#### TASK GOAL:
Retype, exactly and only, each line from the one containing "Use camera coordinates" to the end of the records below.

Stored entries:

-=-=-

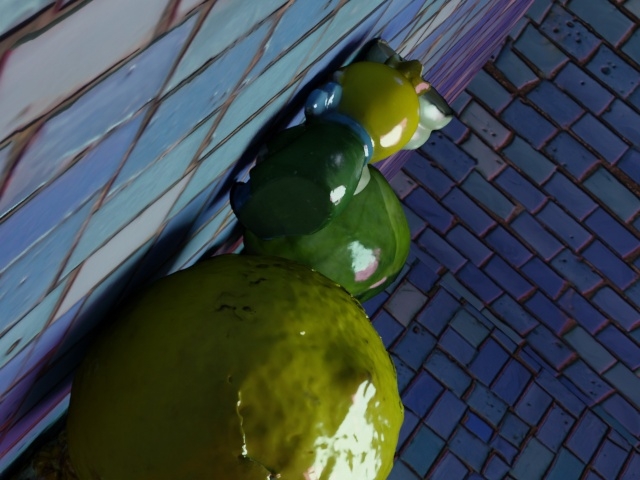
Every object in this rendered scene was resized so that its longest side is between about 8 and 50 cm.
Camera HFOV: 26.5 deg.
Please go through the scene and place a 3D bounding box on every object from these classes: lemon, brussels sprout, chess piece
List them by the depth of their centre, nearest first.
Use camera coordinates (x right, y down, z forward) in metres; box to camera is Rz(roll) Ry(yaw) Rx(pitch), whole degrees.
[{"bbox_3d":[-0.100,0.189,1.453,0.387,0.350,0.350,-16,-161,37],"label":"lemon"},{"bbox_3d":[0.032,-0.111,1.632,0.243,0.133,0.133,-45,178,14],"label":"chess piece"},{"bbox_3d":[0.000,0.000,1.846,0.219,0.210,0.271,-41,-173,-40],"label":"brussels sprout"}]

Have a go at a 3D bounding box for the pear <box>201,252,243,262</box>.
[{"bbox_3d":[-0.119,0.068,1.763,0.107,0.107,0.131,-49,-177,0],"label":"pear"}]

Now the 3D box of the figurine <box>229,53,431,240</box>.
[{"bbox_3d":[0.012,-0.106,1.483,0.185,0.127,0.234,-34,-156,50],"label":"figurine"}]

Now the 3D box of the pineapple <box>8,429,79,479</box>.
[{"bbox_3d":[-0.265,0.387,1.755,0.352,0.300,0.352,-41,168,-11],"label":"pineapple"}]

-=-=-

#### ANSWER TO THIS TASK:
Use camera coordinates (x right, y down, z forward) in metres; box to camera is Rz(roll) Ry(yaw) Rx(pitch), whole degrees.
[{"bbox_3d":[-0.100,0.189,1.453,0.387,0.350,0.350,-16,-161,37],"label":"lemon"},{"bbox_3d":[0.032,-0.111,1.632,0.243,0.133,0.133,-45,178,14],"label":"chess piece"},{"bbox_3d":[0.000,0.000,1.846,0.219,0.210,0.271,-41,-173,-40],"label":"brussels sprout"}]

Have a go at a 3D bounding box for the pear <box>201,252,243,262</box>.
[{"bbox_3d":[-0.119,0.068,1.763,0.107,0.107,0.131,-49,-177,0],"label":"pear"}]

Now the 3D box of the figurine <box>229,53,431,240</box>.
[{"bbox_3d":[0.012,-0.106,1.483,0.185,0.127,0.234,-34,-156,50],"label":"figurine"}]

Now the 3D box of the pineapple <box>8,429,79,479</box>.
[{"bbox_3d":[-0.265,0.387,1.755,0.352,0.300,0.352,-41,168,-11],"label":"pineapple"}]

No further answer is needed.